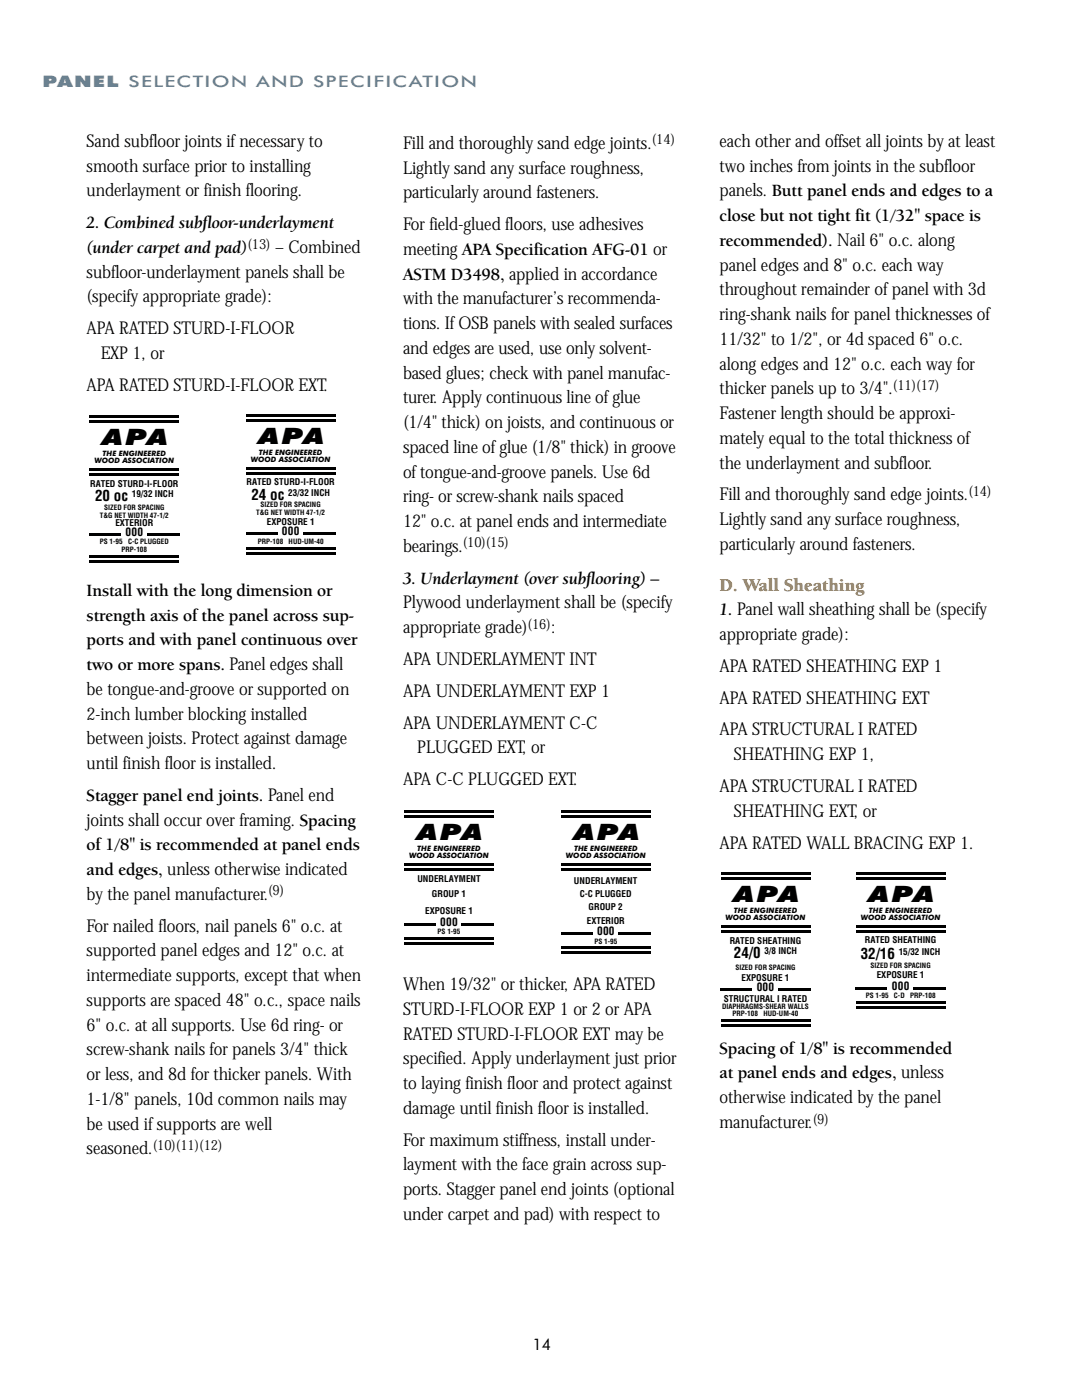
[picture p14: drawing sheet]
<svg xmlns="http://www.w3.org/2000/svg" width="216mm" height="279mm" viewBox="0 0 216 279" stroke-linecap="round" stroke-linejoin="round" font-family="sans-serif">
<defs><g id="words">
<g font-size="4.5">
<text x="20.3" y="88.8">APA</text>
<text x="51.5" y="88.6">APA</text>
<text x="83.1" y="167.7">APA</text>
<text x="114.4" y="167.7">APA</text>
<text x="173.2" y="180">APA</text>
<text x="146.3" y="180">APA</text>
</g>
<text font-size="3.7" fill="#b87300" x="143.6" y="117.9">D. Wall Sheathing</text>
<g font-size="3.5">
<text x="17.3" y="29.3">Sand subfloor joints if necessary to</text>
<text x="80.4" y="29.7">Fill and thoroughly sand edge joints.</text>
<text x="143.6" y="29.3">each other and offset all joints by at least</text>
<text x="17.3" y="34.2">smooth surface prior to installing</text>
<text x="80.4" y="34.6">Lightly sand any surface roughness,</text>
<text x="143.6" y="34.2">two inches from joints in the subfloor</text>
<text x="17.3" y="39.2">underlayment or finish flooring.</text>
<text x="80.4" y="39.6">particularly around fasteners.</text>
<text x="143.6" y="39.2">panels. Butt panel ends and edges to a</text>
<text x="17.3" y="45.5">2. Combined subfloor-underlayment</text>
<text x="80.4" y="45.9">For field-glued floors, use adhesives</text>
<text x="143.6" y="44.1">close but not tight fit (1/32&quot; space is</text>
<text x="17.3" y="50.5">(under carpet and pad)</text>
<text x="54.9" y="50.5">– Combined</text>
<text x="80.4" y="50.9">meetingAPA Specification AFG-01 or</text>
<text x="143.6" y="49.1">recommended). Nail 6&quot; o.c. along</text>
<text x="17.3" y="55.4">subfloor-underlayment panels shall be</text>
<text x="80.4" y="55.8">ASTM D3498, applied in accordance</text>
<text x="143.6" y="54">panel edges and 8&quot; o.c. each way</text>
<text x="143.6" y="58.9">throughout remainder of panel with 3d</text>
<text x="17.3" y="60.4">(specify appropriate grade):</text>
<text x="80.4" y="60.7">with the manufacturer’s recommenda-</text>
<text x="80.4" y="65.7">tions. If OSB panels with sealed surfaces</text>
<text x="143.6" y="63.9">ring-shank nails for panel thicknesses of</text>
<text x="17.3" y="66.7">APA RATED STURD-I-FLOOR</text>
<text x="20.1" y="71.6">EXP 1, or</text>
<text x="80.4" y="70.6">and edges areused, use only solvent-</text>
<text x="143.6" y="68.8">11/32&quot; to 1/2&quot;, or 4d spaced 6&quot; o.c.</text>
<text x="17.3" y="78">APA RATED STURD-I-FLOOR EXT.</text>
<text x="80.4" y="75.6">based glues; check with panel manufac-</text>
<text x="143.6" y="73.8">along edges and 12&quot; o.c. each way for</text>
<text x="80.4" y="80.5">turer. Apply continuous line of glue</text>
<text x="143.6" y="78.7">thicker panels up to 3/4&quot;.</text>
<text x="143.6" y="83.6">Fastener length should be approxi-</text>
<text x="80.4" y="85.4">(1/4&quot; thick) on joists, and continuous or</text>
<text x="143.6" y="88.6">mately equal to the total thickness of</text>
<text x="80.4" y="90.4">spaced line of glue (1/8&quot; thick) in groove</text>
<text x="80.4" y="95.3">of tongue-and-groove panels. Use 6d</text>
<text x="143.6" y="93.5">the underlayment and subfloor.</text>
<text x="80.4" y="100.2">ring- or screw-shank nails spaced</text>
<text x="143.6" y="99.9">Fill and thoroughly sand edge joints.</text>
<text x="80.4" y="105.2">12&quot; o.c. at panel ends and intermediate</text>
<text x="143.6" y="104.8">Lightly sand any surface roughness,</text>
<text x="80.4" y="110.1">bearings.</text>
<text x="143.6" y="109.7">particularly around fasteners.</text>
<text x="17.3" y="118.9">Install with the long dimension or</text>
<text x="80.4" y="116.5">3. Underlayment (over subflooring) –</text>
<text x="17.3" y="123.9">strength axis of the panel across sup-</text>
<text x="80.4" y="121.4">Plywood underlayment shall be (specify</text>
<text x="143.6" y="122.8">1. Panel wall sheathing shall be (specify</text>
<text x="17.3" y="128.8">ports and with panel continuous over</text>
<text x="80.4" y="126.4">appropriate grade)</text>
<text x="109.9" y="126.4">:</text>
<text x="143.6" y="127.7">appropriate grade):</text>
<text x="17.3" y="133.7">two or more spans. Panel edges shall</text>
<text x="80.4" y="132.7">APA UNDERLAYMENT INT</text>
<text x="143.6" y="134.1">APA RATED SHEATHING EXP 1</text>
<text x="17.3" y="138.7">be tongue-and-groove or supported on</text>
<text x="17.3" y="143.6">2-inch lumber blocking installed</text>
<text x="80.4" y="139.1">APA UNDERLAYMENT EXP 1</text>
<text x="143.6" y="140.4">APA RATED SHEATHING EXT</text>
<text x="17.3" y="148.5">between joists. Protect against damage</text>
<text x="80.4" y="145.4">APA UNDERLAYMENT C-C</text>
<text x="143.6" y="146.8">APA STRUCTURAL I RATED</text>
<text x="17.3" y="153.5">until finish floor is installed.</text>
<text x="83.3" y="150.3">PLUGGED EXT, or</text>
<text x="146.4" y="151.7">SHEATHING EXP 1,</text>
<text x="17.3" y="159.8">Stagger panel end joints. Panel end</text>
<text x="80.4" y="156.7">APA C-C PLUGGED EXT.</text>
<text x="143.6" y="158.1">APA STRUCTURAL I RATED</text>
<text x="17.3" y="164.8">joints shall occur over framing. Spacing</text>
<text x="146.4" y="163">SHEATHING EXT, or</text>
<text x="17.3" y="169.7">of 1/8&quot; is recommended at panel ends</text>
<text x="143.6" y="169.4">APA RATED WALL BRACING EXP 1.</text>
<text x="17.3" y="174.7">and edges, unless otherwise indicated</text>
<text x="17.3" y="179.6">by the panel manufacturer.</text>
<text x="17.3" y="185.9">For nailed floors, nail panels 6&quot; o.c. at</text>
<text x="17.3" y="190.9">supported panel edges and 12&quot; o.c. at</text>
<text x="17.3" y="195.8">intermediate supports, except that when</text>
<text x="80.4" y="197.6">When 19/32&quot; or thicker, APA RATED</text>
<text x="17.3" y="200.8">supports are spaced 48&quot; o.c., space nails</text>
<text x="80.4" y="202.6">STURD-I-FLOOR EXP 1 or 2 or APA</text>
<text x="17.3" y="205.7">6&quot; o.c. at all supports. Use 6d ring- or</text>
<text x="80.4" y="207.5">RATED STURD-I-FLOOR EXT may be</text>
<text x="17.3" y="210.6">screw-shank nails for panels 3/4&quot; thick</text>
<text x="17.3" y="215.6">or less, and 8d for thicker panels. With</text>
<text x="80.4" y="212.4">specified. Apply underlayment just prior</text>
<text x="143.6" y="210.3">Spacing of 1/8&quot; is recommended</text>
<text x="143.6" y="215.2">at panel ends and edges, unless</text>
<text x="17.3" y="220.5">1-1/8&quot; panels, 10d common nails may</text>
<text x="80.4" y="217.4">to laying finish floor and protect against</text>
<text x="143.6" y="220.2">otherwise indicated by the panel</text>
<text x="17.3" y="225.5">be used if supports are well</text>
<text x="80.4" y="222.3">damage until finish floor is installed.</text>
<text x="143.6" y="225.1">manufacturer.</text>
<text x="17.3" y="230.4">seasoned.</text>
<text x="80.4" y="228.7">For maximum stiffness, install under-</text>
<text x="80.4" y="233.6">layment with the face grain across sup-</text>
<text x="80.4" y="238.5">ports. Stagger panel end joints (optional</text>
<text x="80.4" y="243.5">under carpet and pad) with respect to</text>
</g>
<text font-size="3.2" fill="#508eb9" x="8.5" y="17.3">PANEL SELECTION AND SPECIFICATION</text>
<text font-size="3.2" x="106.3" y="269.5">14</text>
<g font-size="3">
<text x="19" y="100.1">20 oc</text>
<text x="50.2" y="99.8">24 oc</text>
<text x="146.4" y="191.3">24/0</text>
<text x="171.8" y="191.5">32/16</text>
</g>
<g font-size="2.8">
<text x="130.1" y="28.8">(14)</text>
<text x="49.4" y="49.6">(13)</text>
<text x="178.2" y="77.8">(11)(17)</text>
<text x="193.2" y="99">(14)</text>
<text x="92.4" y="109.2">(10)(15)</text>
<text x="105.3" y="125.5">(16)</text>
<text x="53.5" y="178.7">(9)</text>
<text x="162.2" y="224.2">(9)</text>
<text x="30.5" y="229.5">(10)(11)(12)</text>
</g>
<g font-size="2.3">
<text x="25.1" y="107">000</text>
<text x="56.3" y="106.8">000</text>
<text x="87.9" y="184.8">000</text>
<text x="119.1" y="186.6">000</text>
<text x="151" y="197.8">000</text>
<text x="178" y="197.6">000</text>
</g>
<g font-size="1.8">
<text x="18" y="97.1">RATED STURD-I-FLOOR</text>
<text x="26.3" y="99.2">19/32 INCH</text>
<text x="49.2" y="96.9">RATED STURD-I-FLOOR</text>
<text x="57.5" y="98.9">23/32 INCH</text>
<text x="23" y="105">EXTERIOR</text>
<text x="53.2" y="104.7">EXPOSURE 1</text>
<text x="83.3" y="176.1">UNDERLAYMENT</text>
<text x="86.2" y="179">GROUP 1</text>
<text x="114.5" y="176.4">UNDERLAYMENT</text>
<text x="115.7" y="179">C-C PLUGGED</text>
<text x="84.8" y="182.4">EXPOSURE 1</text>
<text x="117.1" y="184.4">EXTERIOR</text>
<text x="117.4" y="181.6">GROUP 2</text>
<text x="145.6" y="188.3">RATED SHEATHING</text>
<text x="152.5" y="190.4">3/8 INCH</text>
<text x="172.6" y="188.3">RATED SHEATHING</text>
<text x="179.3" y="190.5">15/32 INCH</text>
<text x="148" y="195.8">EXPOSURE 1</text>
<text x="174.9" y="195.2">EXPOSURE 1</text>
<text x="144.4" y="199.9">STRUCTURAL I RATED</text>
</g>
<g font-size="1.5">
<text x="18.8" y="92.5">WOOD ASSOCIATION</text>
<text x="20.5" y="91">THE ENGINEERED</text>
<text x="50" y="92.2">WOOD ASSOCIATION</text>
<text x="51.7" y="90.8">THE ENGINEERED</text>
<text x="81.6" y="171.3">WOOD ASSOCIATION</text>
<text x="83.3" y="169.9">THE ENGINEERED</text>
<text x="112.9" y="171.3">WOOD ASSOCIATION</text>
<text x="114.6" y="169.9">THE ENGINEERED</text>
<text x="144.8" y="183.7">WOOD ASSOCIATION</text>
<text x="146.4" y="182.2">THE ENGINEERED</text>
<text x="171.7" y="183.6">WOOD ASSOCIATION</text>
<text x="173.4" y="182.2">THE ENGINEERED</text>
</g>
<g font-size="1.4">
<text x="20.8" y="101.7">SIZED FOR SPACING</text>
<text x="52" y="101.2">SIZED FOR SPACING</text>
<text x="19.9" y="103.3">T&amp;G NET WIDTH 47-1/2</text>
<text x="51.1" y="102.8">T&amp;G NET WIDTH 47-1/2</text>
<text x="19.9" y="108.7">PS 1-95</text>
<text x="24.3" y="110.1">PRP-108</text>
<text x="25.6" y="108.7">C-C PLUGGED</text>
<text x="51.4" y="108.5">PRP-108</text>
<text x="57.6" y="108.5">HUD-UM-40</text>
<text x="87.3" y="186.4">PS 1-95</text>
<text x="118.6" y="188.3">PS 1-95</text>
<text x="146.7" y="193.5">SIZED FOR SPACING</text>
<text x="173.7" y="193.2">SIZED FOR SPACING</text>
<text x="144.1" y="201.3">DIAPHRAGMS-SHEAR WALLS</text>
<text x="146.2" y="202.8">PRP-108</text>
<text x="152.3" y="202.8">HUD-UM-40</text>
<text x="172.7" y="199.2">PS 1-95</text>
<text x="178.4" y="199.2">C-D</text>
<text x="181.6" y="199.2">PRP-108</text>
</g>
</g></defs>
<path d="M215.9 194.7v72.1" fill="none" stroke="#eeefdd" stroke-width=".2"/>
<g fill="#000">
<path d="M17.8 83.8h18v.6h-18zM17.8 82.8h18v.6h-18zM17.8 94.5h18v.6h-18zM17.8 93.5h18v.5h-18zM49 83.6h18v.6h-18zM49 82.6h18v.5h-18zM49 94.2h18v.6h-18zM49 93.2h18v.6h-18zM17.8 106.4h6.3v.6h-6.3zM17.8 110.8h18v.6h-18zM17.8 111.9h18v.5h-18zM29.3 106.4h6.5v.6h-6.5z"/>
<path d="M49 106.3h6.3v.5h-6.3zM49 109.1h18v.6h-18zM49 110.2h18v.5h-18zM60.5 106.3h6.5v.5h-6.5zM80.6 162.7h18v.5h-18zM80.6 161.7h18v.5h-18zM80.6 173.3h18v.6h-18zM80.6 172.3h18v.6h-18zM111.9 162.7h18v.5h-18zM111.9 161.7h18v.5h-18zM111.9 173.3h18v.6h-18zM111.9 172.3h18v.6h-18z"/>
<path d="M143.8 175h17.9v.6h-17.9zM143.8 174h17.9v.6h-17.9zM170.7 175h18v.6h-18zM170.7 174h18v.5h-18zM80.6 184.2h6.3v.6h-6.3zM80.6 188h18v.6h-18zM80.6 187h18v.5h-18zM92.1 184.2h6.5v.6h-6.5zM111.9 186.1h6.3v.5h-6.3zM111.9 188.9h18v.5h-18zM111.9 189.9h18v.6h-18zM123.4 186.1h6.5v.5h-6.5z"/>
<path d="M143.8 197.3h6.3v.5h-6.3zM143.8 185.7h17.9v.6h-17.9zM143.8 184.7h17.9v.5h-17.9zM155.3 197.3h6.4v.5h-6.4zM170.7 197h6.3v.6h-6.3zM170.7 185.6h18v.6h-18zM170.7 184.6h18v.6h-18zM182.2 197h6.5v.6h-6.5zM143.8 204.5h17.9v.5h-17.9zM143.8 203.4h17.9v.6h-17.9zM170.7 199.8h18v.5h-18zM170.7 200.8h18v.5h-18z"/>
</g>
<use href="#words"/>
</svg>

------------------------------------------------------------

TASK BRIEF
Where a line in the entries holds "STRUCTURAL", copy that line.

SOLVED PROBLEM
<text x="143.6" y="146.8">APA STRUCTURAL I RATED</text>
<text x="143.6" y="158.1">APA STRUCTURAL I RATED</text>
<text x="144.4" y="199.9">STRUCTURAL I RATED</text>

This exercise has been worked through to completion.